いつもならさほどテスト勉強に力は入れないのだが……今回はちょっぴり気を入れている。

ほら、いまさらになって進路を迷い中だからね。

どの道を選ぶにしろ、いい成績を取ってて悪いことはねーし。
まぁ、元々成績はそれなりにいいし、わりと品行方正にやってるから問題はなさそうではあるけど。


ぐでーと机に突っ伏する緑頭が二つ。

「お待たせしました」

トレイからドリンクとケーキを配る。

「ほら、二人も」

お礼を言われつつ、屍と化しているカイルとアレンの前にも並べれば二人はのろのろと顔をあげた。
見事にげっそりしている。

激しい訓練や模擬戦でもピンピンしてる癖に、真面目に勉強を数時間の方がよっぽど消耗するようだ。

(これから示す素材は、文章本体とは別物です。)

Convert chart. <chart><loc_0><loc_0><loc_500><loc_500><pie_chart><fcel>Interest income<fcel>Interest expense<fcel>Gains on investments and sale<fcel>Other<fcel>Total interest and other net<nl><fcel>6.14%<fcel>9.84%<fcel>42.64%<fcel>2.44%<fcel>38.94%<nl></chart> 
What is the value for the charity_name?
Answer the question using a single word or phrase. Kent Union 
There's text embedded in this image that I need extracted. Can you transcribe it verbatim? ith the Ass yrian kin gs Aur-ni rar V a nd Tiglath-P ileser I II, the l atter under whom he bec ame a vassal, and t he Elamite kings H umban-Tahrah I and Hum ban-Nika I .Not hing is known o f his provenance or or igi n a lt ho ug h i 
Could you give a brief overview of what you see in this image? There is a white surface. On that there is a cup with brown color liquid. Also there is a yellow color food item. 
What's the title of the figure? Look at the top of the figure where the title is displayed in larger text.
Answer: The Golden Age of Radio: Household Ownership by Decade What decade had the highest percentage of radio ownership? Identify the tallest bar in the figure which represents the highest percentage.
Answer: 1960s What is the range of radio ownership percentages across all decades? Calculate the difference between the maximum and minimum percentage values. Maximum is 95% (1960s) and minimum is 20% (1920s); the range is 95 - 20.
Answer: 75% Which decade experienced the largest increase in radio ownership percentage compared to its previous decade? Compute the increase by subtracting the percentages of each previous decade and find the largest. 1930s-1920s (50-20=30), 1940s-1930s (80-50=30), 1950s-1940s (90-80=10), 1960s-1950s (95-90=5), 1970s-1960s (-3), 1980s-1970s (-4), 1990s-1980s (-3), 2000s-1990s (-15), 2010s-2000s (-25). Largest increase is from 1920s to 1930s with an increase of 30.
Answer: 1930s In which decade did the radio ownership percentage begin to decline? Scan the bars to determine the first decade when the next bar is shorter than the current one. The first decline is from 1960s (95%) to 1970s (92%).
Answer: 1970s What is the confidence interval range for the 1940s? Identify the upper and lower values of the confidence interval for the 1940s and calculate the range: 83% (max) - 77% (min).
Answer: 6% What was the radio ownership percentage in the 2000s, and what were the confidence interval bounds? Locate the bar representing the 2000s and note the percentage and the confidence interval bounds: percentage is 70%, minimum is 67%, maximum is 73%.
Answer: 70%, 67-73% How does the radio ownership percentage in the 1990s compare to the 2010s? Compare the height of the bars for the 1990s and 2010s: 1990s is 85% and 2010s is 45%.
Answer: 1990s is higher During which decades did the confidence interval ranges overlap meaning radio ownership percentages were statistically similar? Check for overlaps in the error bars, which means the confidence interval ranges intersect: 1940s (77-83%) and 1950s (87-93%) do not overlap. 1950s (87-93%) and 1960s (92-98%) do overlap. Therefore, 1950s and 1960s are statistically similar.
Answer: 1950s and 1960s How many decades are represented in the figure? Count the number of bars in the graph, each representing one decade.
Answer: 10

テスト期間で午後は授業なしだったためわりとガッツリとテスト勉強を行い、帰る前にと食堂に寄ることになった。
同じような理由でか、放課後にも関わらず意外と生徒の数が多い。

「あー早くテスト終わんねぇかな」

でっかい口で豪快にハンバーガーにかぶりつきつつカイルがグチる。
ケーキはとうに食べ終え、これだけじゃ足りねぇとばかりにバーガーを2セット追加。

「でも赤点とったら補習だし。学園祭前に補習とかムリ」

同じくバーガー片手にポテトをつまみ、アレンがでっかい溜息を吐いた。

テストの一カ月後には学園祭がある。
文化祭と体育祭を合わせたようなそれは外部からも人を招き結構な大規模だ。

一日目が模擬店や演劇、オーケストラなどの出し物。
二日目は闘技場で行われるトーナメント式の試合、それから魔獣を召喚した闘いなど。
三日目は締めくくりのパーティー。

さて、ここまで聞けばお分かりだろう。

脳筋兄弟のお楽しみは当然ながら二日目。

しかも学園創立25周年を記念する今年は……。

「ゲストとしてクラウ・ソラスまで来るとかマジで楽しみっ!!絶っ対に補習は回避する!!」

「訓練の時間なくなるとかマジないっ!!」

なら、最初っから真面目に勉強しろよ。

ワクテカする二人に俺らの心の声がハモった。